CDC data for the Pfizer and Moderna COVID-19 vaccines trials show something a bit shocking: a diverse sample population.
Roughly 10% of the case-patient participants identified as Black. Thirteen percent identified as Hispanic/Latino; a combined 13% identified as Asian or Pacific Islander, American Indian or Alaska Native, multiple or missing races; while case-patients identifying as white totaled 64%. For context, 2019 Census data defines the United States population as 12.8% Black; 18.4% Hispanic or Latino; a combined 15.2% for American Indian, Alaska Native, Asian, Native Hawaiian and Other Pacific Islander, multiple or missing race; and 72.0% white.
While the COVID-19 vaccine trials don’t exactly match the population estimates of the United States, they are closer than trials have historically been. Previous FDA reports on clinical trials found that those identifying as Black or African American accounted for roughly 5% of sample populations, while Hispanic and Latino individuals made up about 1%, Asian Americans 6%, and Native Americans were excluded from nearly two thirds of trials examined.
Diversity is essential in clinical trials to ensure medications and treatments are safe and effective for the populations they’re intended to help. Unfortunately, clinical trials have a long history of underrepresenting women and people of color, resulting in treatments designed primarily for white men. Underrepresented groups are therefore more skeptical to receive new treatments, putting them and their communities at greater risk.
Why do trials lack diversity?
Lack of trust in the medical system prevents many people of color from participating in clinical trials, particularly members of the Black community. The United States has a history of deceptive and biased medical treatment. Although groups are working to mend that relationship and build trust in public health, some clinical trial practitioners still do not share information about clinical trials with all demographics.
There is also a lack of clear, targeted communication about trials. While individuals may know about a trial, they may not know details like what the trial entails, if they’re eligible, if they can fit it in their schedule, if they’ll have to pay for it.

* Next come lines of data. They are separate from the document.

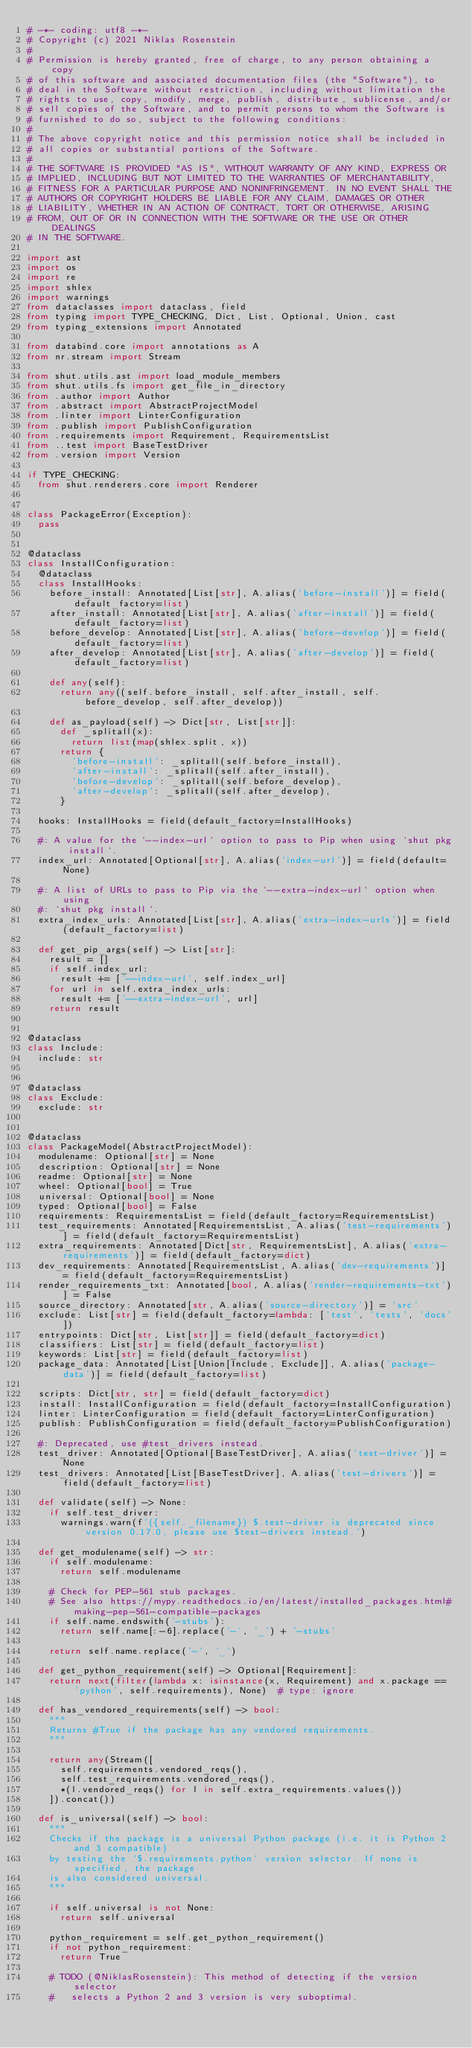<code> <loc_0><loc_0><loc_500><loc_500><_Python_># -*- coding: utf8 -*-
# Copyright (c) 2021 Niklas Rosenstein
#
# Permission is hereby granted, free of charge, to any person obtaining a copy
# of this software and associated documentation files (the "Software"), to
# deal in the Software without restriction, including without limitation the
# rights to use, copy, modify, merge, publish, distribute, sublicense, and/or
# sell copies of the Software, and to permit persons to whom the Software is
# furnished to do so, subject to the following conditions:
#
# The above copyright notice and this permission notice shall be included in
# all copies or substantial portions of the Software.
#
# THE SOFTWARE IS PROVIDED "AS IS", WITHOUT WARRANTY OF ANY KIND, EXPRESS OR
# IMPLIED, INCLUDING BUT NOT LIMITED TO THE WARRANTIES OF MERCHANTABILITY,
# FITNESS FOR A PARTICULAR PURPOSE AND NONINFRINGEMENT. IN NO EVENT SHALL THE
# AUTHORS OR COPYRIGHT HOLDERS BE LIABLE FOR ANY CLAIM, DAMAGES OR OTHER
# LIABILITY, WHETHER IN AN ACTION OF CONTRACT, TORT OR OTHERWISE, ARISING
# FROM, OUT OF OR IN CONNECTION WITH THE SOFTWARE OR THE USE OR OTHER DEALINGS
# IN THE SOFTWARE.

import ast
import os
import re
import shlex
import warnings
from dataclasses import dataclass, field
from typing import TYPE_CHECKING, Dict, List, Optional, Union, cast
from typing_extensions import Annotated

from databind.core import annotations as A
from nr.stream import Stream

from shut.utils.ast import load_module_members
from shut.utils.fs import get_file_in_directory
from .author import Author
from .abstract import AbstractProjectModel
from .linter import LinterConfiguration
from .publish import PublishConfiguration
from .requirements import Requirement, RequirementsList
from ..test import BaseTestDriver
from .version import Version

if TYPE_CHECKING:
  from shut.renderers.core import Renderer


class PackageError(Exception):
  pass


@dataclass
class InstallConfiguration:
  @dataclass
  class InstallHooks:
    before_install: Annotated[List[str], A.alias('before-install')] = field(default_factory=list)
    after_install: Annotated[List[str], A.alias('after-install')] = field(default_factory=list)
    before_develop: Annotated[List[str], A.alias('before-develop')] = field(default_factory=list)
    after_develop: Annotated[List[str], A.alias('after-develop')] = field(default_factory=list)

    def any(self):
      return any((self.before_install, self.after_install, self.before_develop, self.after_develop))

    def as_payload(self) -> Dict[str, List[str]]:
      def _splitall(x):
        return list(map(shlex.split, x))
      return {
        'before-install': _splitall(self.before_install),
        'after-install': _splitall(self.after_install),
        'before-develop': _splitall(self.before_develop),
        'after-develop': _splitall(self.after_develop),
      }

  hooks: InstallHooks = field(default_factory=InstallHooks)

  #: A value for the `--index-url` option to pass to Pip when using `shut pkg install`.
  index_url: Annotated[Optional[str], A.alias('index-url')] = field(default=None)

  #: A list of URLs to pass to Pip via the `--extra-index-url` option when using
  #: `shut pkg install`.
  extra_index_urls: Annotated[List[str], A.alias('extra-index-urls')] = field(default_factory=list)

  def get_pip_args(self) -> List[str]:
    result = []
    if self.index_url:
      result += ['--index-url', self.index_url]
    for url in self.extra_index_urls:
      result += ['--extra-index-url', url]
    return result


@dataclass
class Include:
  include: str


@dataclass
class Exclude:
  exclude: str


@dataclass
class PackageModel(AbstractProjectModel):
  modulename: Optional[str] = None
  description: Optional[str] = None
  readme: Optional[str] = None
  wheel: Optional[bool] = True
  universal: Optional[bool] = None
  typed: Optional[bool] = False
  requirements: RequirementsList = field(default_factory=RequirementsList)
  test_requirements: Annotated[RequirementsList, A.alias('test-requirements')] = field(default_factory=RequirementsList)
  extra_requirements: Annotated[Dict[str, RequirementsList], A.alias('extra-requirements')] = field(default_factory=dict)
  dev_requirements: Annotated[RequirementsList, A.alias('dev-requirements')] = field(default_factory=RequirementsList)
  render_requirements_txt: Annotated[bool, A.alias('render-requirements-txt')] = False
  source_directory: Annotated[str, A.alias('source-directory')] = 'src'
  exclude: List[str] = field(default_factory=lambda: ['test', 'tests', 'docs'])
  entrypoints: Dict[str, List[str]] = field(default_factory=dict)
  classifiers: List[str] = field(default_factory=list)
  keywords: List[str] = field(default_factory=list)
  package_data: Annotated[List[Union[Include, Exclude]], A.alias('package-data')] = field(default_factory=list)

  scripts: Dict[str, str] = field(default_factory=dict)
  install: InstallConfiguration = field(default_factory=InstallConfiguration)
  linter: LinterConfiguration = field(default_factory=LinterConfiguration)
  publish: PublishConfiguration = field(default_factory=PublishConfiguration)

  #: Deprecated, use #test_drivers instead.
  test_driver: Annotated[Optional[BaseTestDriver], A.alias('test-driver')] = None
  test_drivers: Annotated[List[BaseTestDriver], A.alias('test-drivers')] = field(default_factory=list)

  def validate(self) -> None:
    if self.test_driver:
      warnings.warn(f'({self._filename}) $.test-driver is deprecated since version 0.17.0, please use $test-drivers instead.')

  def get_modulename(self) -> str:
    if self.modulename:
      return self.modulename

    # Check for PEP-561 stub packages.
    # See also https://mypy.readthedocs.io/en/latest/installed_packages.html#making-pep-561-compatible-packages
    if self.name.endswith('-stubs'):
      return self.name[:-6].replace('-', '_') + '-stubs'

    return self.name.replace('-', '_')

  def get_python_requirement(self) -> Optional[Requirement]:
    return next(filter(lambda x: isinstance(x, Requirement) and x.package == 'python', self.requirements), None)  # type: ignore

  def has_vendored_requirements(self) -> bool:
    """
    Returns #True if the package has any vendored requirements.
    """

    return any(Stream([
      self.requirements.vendored_reqs(),
      self.test_requirements.vendored_reqs(),
      *(l.vendored_reqs() for l in self.extra_requirements.values())
    ]).concat())

  def is_universal(self) -> bool:
    """
    Checks if the package is a universal Python package (i.e. it is Python 2 and 3 compatible)
    by testing the `$.requirements.python` version selector. If none is specified, the package
    is also considered universal.
    """

    if self.universal is not None:
      return self.universal

    python_requirement = self.get_python_requirement()
    if not python_requirement:
      return True

    # TODO (@NiklasRosenstein): This method of detecting if the version selector
    #   selects a Python 2 and 3 version is very suboptimal.</code> 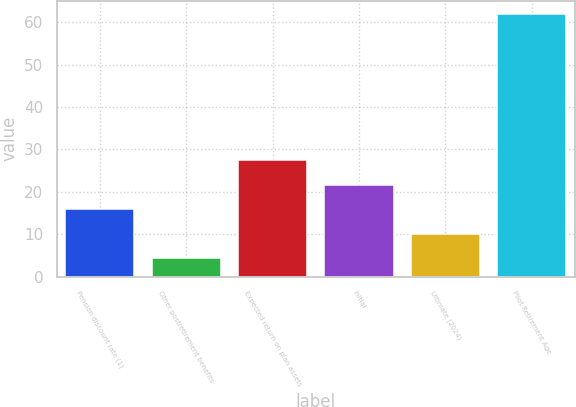<chart> <loc_0><loc_0><loc_500><loc_500><bar_chart><fcel>Pension discount rate (1)<fcel>Other postretirement benefits<fcel>Expected return on plan assets<fcel>Initial<fcel>Ultimate (2024)<fcel>Pilot Retirement Age<nl><fcel>15.94<fcel>4.42<fcel>27.46<fcel>21.7<fcel>10.18<fcel>62<nl></chart> 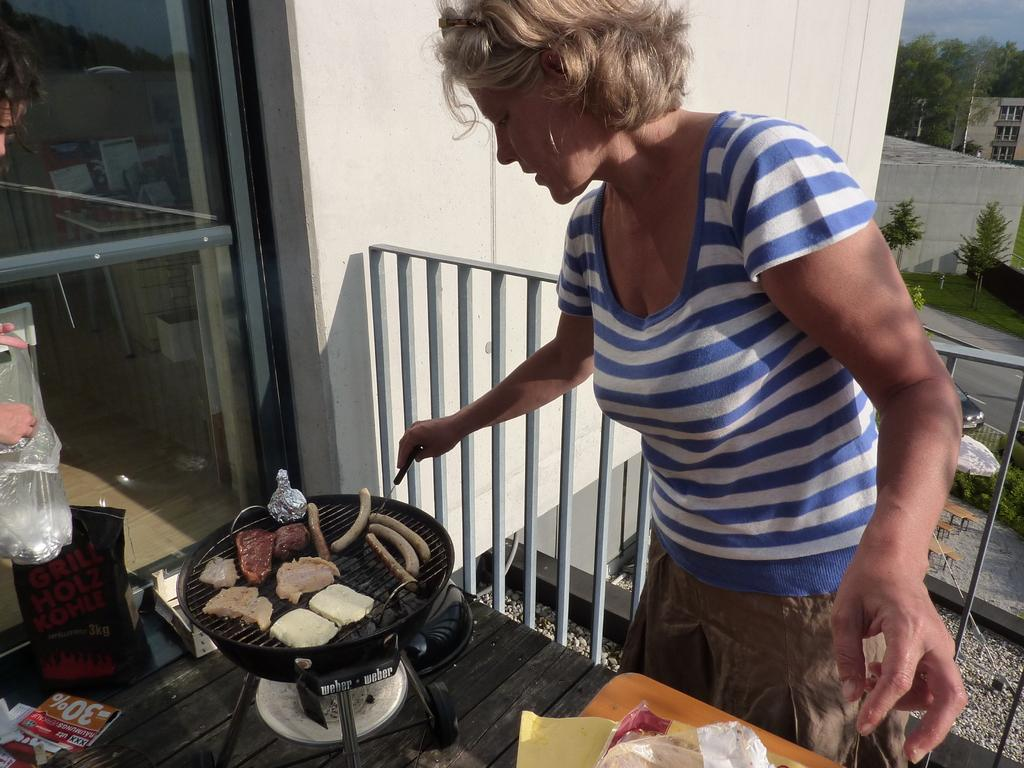<image>
Give a short and clear explanation of the subsequent image. Woman cooking some meat near a paper that says 30%. 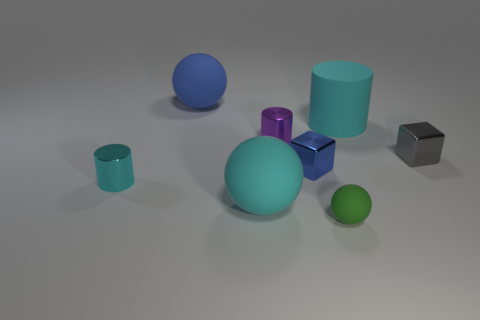Is there a tiny blue shiny thing that has the same shape as the tiny green object?
Your answer should be very brief. No. What number of other things are the same shape as the purple object?
Keep it short and to the point. 2. Is the color of the rubber cylinder the same as the tiny matte object?
Your response must be concise. No. Is the number of large blue rubber objects less than the number of cyan things?
Offer a very short reply. Yes. There is a sphere behind the tiny cyan metal object; what is it made of?
Offer a very short reply. Rubber. What is the material of the purple thing that is the same size as the gray object?
Make the answer very short. Metal. What is the large sphere to the right of the rubber thing to the left of the cyan rubber object in front of the small cyan cylinder made of?
Offer a very short reply. Rubber. Does the cyan rubber object in front of the gray metal object have the same size as the tiny purple metallic cylinder?
Your response must be concise. No. Is the number of metallic blocks greater than the number of tiny blue objects?
Keep it short and to the point. Yes. What number of tiny things are blue things or green matte objects?
Make the answer very short. 2.

Logistics concerns are another barrier to entry. Hourly workers may not be able to afford taking off work for a trial. They may need additional childcare or domestic support. They may lack reliable transportation and be unable to commute for treatment. Funding for research tends to go to larger institutions which may be far from volunteers’ typical medical provider. Especially rare conditions may only be researched in one or a few cities in the world, requiring volunteers to relocate for the duration of the trial. While trials do offer financial support through deductions and compensation for expenses, the details of this support can be hard to find, difficult to understand, and inconvenient to pursue.
How can we promote diversity in clinical trials?
- Increase targeted communication for targeted demographics. Communities need to know about these trials before than can sign up for them. Researchers will have greater success recruiting if they cast a wide net while developing specific communications for each demographic that acknowledge common concerns among community members and address them clearly.
- Partner with historically Black colleges and universities, medical institutions, and healthcare providers in areas where more demographics live or typically go for treatment. Individuals will be more likely to volunteer if the research center is trustworthy easily accessible.
- Design more inclusive trials that are convenient for all demographics. Flexible scheduling, at-home visits, and mobile check-ins, for example, can make it easier for volunteers to fit the trial into their lives.
- Invest in patient support throughout the trial. Personal support for volunteers, especially during trials that require a lot of time or energy from volunteers, can encourage individuals who might otherwise feel too scared or overwhelmed to volunteer. Hiring patient advocates and coordinators who are close to a given community can foster trust and help patients feel seen in what might be a stressful time.
- Be ambitious and transparent with sampling. Teams should hold their colleagues and partners accountable for conducting truly representative trials and work together to build trust among diverse communities.
Sample diversity is essential for adequate testing and safe, quality healthcare for all. Increased focus on equal representation in clinical trials is a step in the right direction, but the health of our communities requires ongoing effort from researchers.